ASUS GeForce GTX 670 DirectCU Mini review (Page 2)

ASUS GeForce GTX 670 DirectCU Mini review

Graphics cards 1049 Page 2 of 24 Published 2013-05-10 09:44 by Hilbert Hagedoorn

The Technology and Specs

Reference technology and specs

We'll first look at the reference (original design) based specs and architecture. The GeForce GTX 670 is based on the a Kepler GPU architecture, the very same 28nm GK104 GPU which is used on the GeForce GTX 680. The GeForce GTX 670 boasts 1344 CUDA (shader) cores whereas the GeForce GTX 680 has 1536 CUDA (shader) cores. That's 192 Shader cores less, and that's precisely one CUDA core clusters (SM) less out of the eight available. The product is obviously PCI-Express 3.0 ready and has a TDP of around 170 Watt (with a typical draw of 150~160W). But let me first show you GK104 die:

GeForce GTX 680
NVIDIA GK104 Kepler architecture GPU, you can see the eight SM (CUDA/shader core) clusters, one of these has been deactivated for the GTX 670.

An immediate difference to the GPU core versus the shader processor domain is that both will be clocked at 1:1, meaning both the core and shader domain clock in at 915 MHz. The boost clock for the reference GTX 670 cards is set at 980 MHz though that can vary a bit per card and available power envelope (topping 1 GHz is common).
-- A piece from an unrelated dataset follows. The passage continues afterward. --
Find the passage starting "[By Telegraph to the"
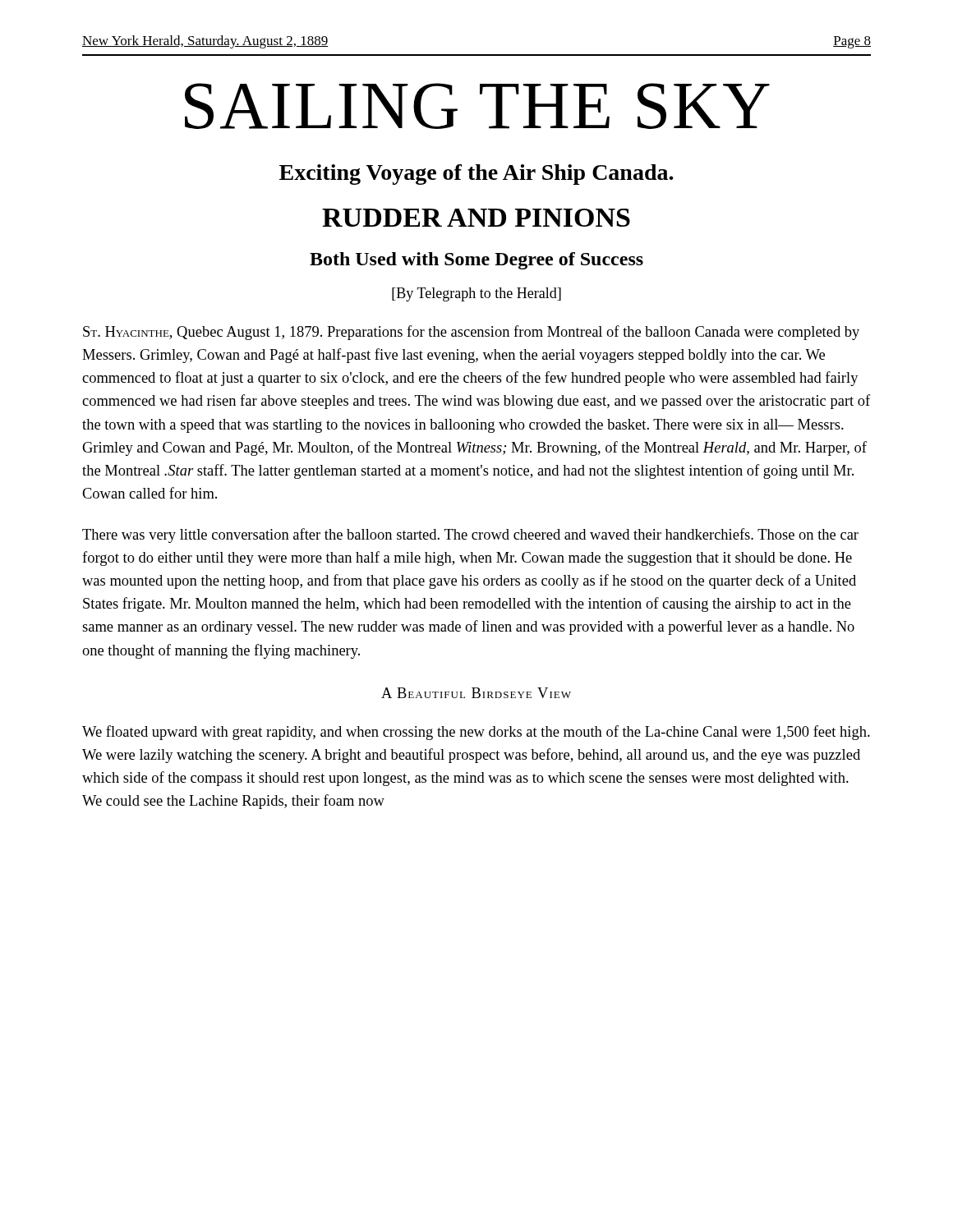The image size is (953, 1232). click(476, 293)

As far as the memory specs of the GK104 Kepler GPU are concerned, the boards will feature a 256-bit memory bus connected to 2 GB of GDDR5 video buffer memory. On the memory controller side of things you'll see very significant improvements as the reference memory clock is set at 6 GHz / Gbps. This boils down to to a memory bandwidth of 192 GB/s on that 256-bit memory bus. These graphics adapters are of course DirectX 11.1 ready. With Windows 8, 7 and Vista also being DX11 ready all we need are more new games to take advantage of DirectCompute, multi-threading, hardware tessellation and the latest shader 5.0 extensions.

For your reference here's a quick overview of some past generation high-end GeForce cards opposed to the new Kepler based GeForce GTX 680.

	GeForce GTX 480	GeForce GTX 580	GeForce GTX 670	ASUS GTX 670 DCU Mini	GeForce GTX 680	GeForce GTX 690
Stream (Shader) Processors	480	512	1344	1344	1536	3072
Core Clock (MHz)	700	772	915	928	1006	915
Shader Clock (MHz)	1400	1544	-	-	-	-
Boost clock (Mhz)	-	-	980	1033	1058	1019
Memory Clock (effective MHz)	3700	4000	6008	6008	6008	6008
Memory amount	1536	1536	2048	2048	2048	4096
Memory Interface	384-bit	384-bit	256-bit	256-bit	256-bit	256-bit
Memory Type	GDDR5	GDDR5	GDDR5	GDDR5	GDDR5	GDDR5

For Kepler, NVIDIA kept their memory controllers GDDR5 compatible. Memory wise NVIDIA has nice large memory volumes due to their architecture, we pass 2 GB as standard these days for most of NVIDIA's series 600 graphics cards in the high range spectrum. The hardware engineers of NVIDIA reworked the memory subs system quite a bit, enabling much higher memory clock frequency speeds compared to previous generation GeForce GPUs. The result is this memory speeds up-to 6 Gbps. Each memory partition utilizes one memory controller on the respective GPU, which will get 256/512 MB of memory tied to it.

The GTX 580 has six memory controllers (6x256MB) = 1536 MB of GDDR5 memory
The GTX 670 has four memory controllers (4x512MB) = 2048 MB of GDDR5 memory
The GTX 680 has four memory controllers (4x512MB) = 2048 MB of GDDR5 memory

As mentioned in the introduction, a 4 GB version would be very possible as well. It all depends on the board partners.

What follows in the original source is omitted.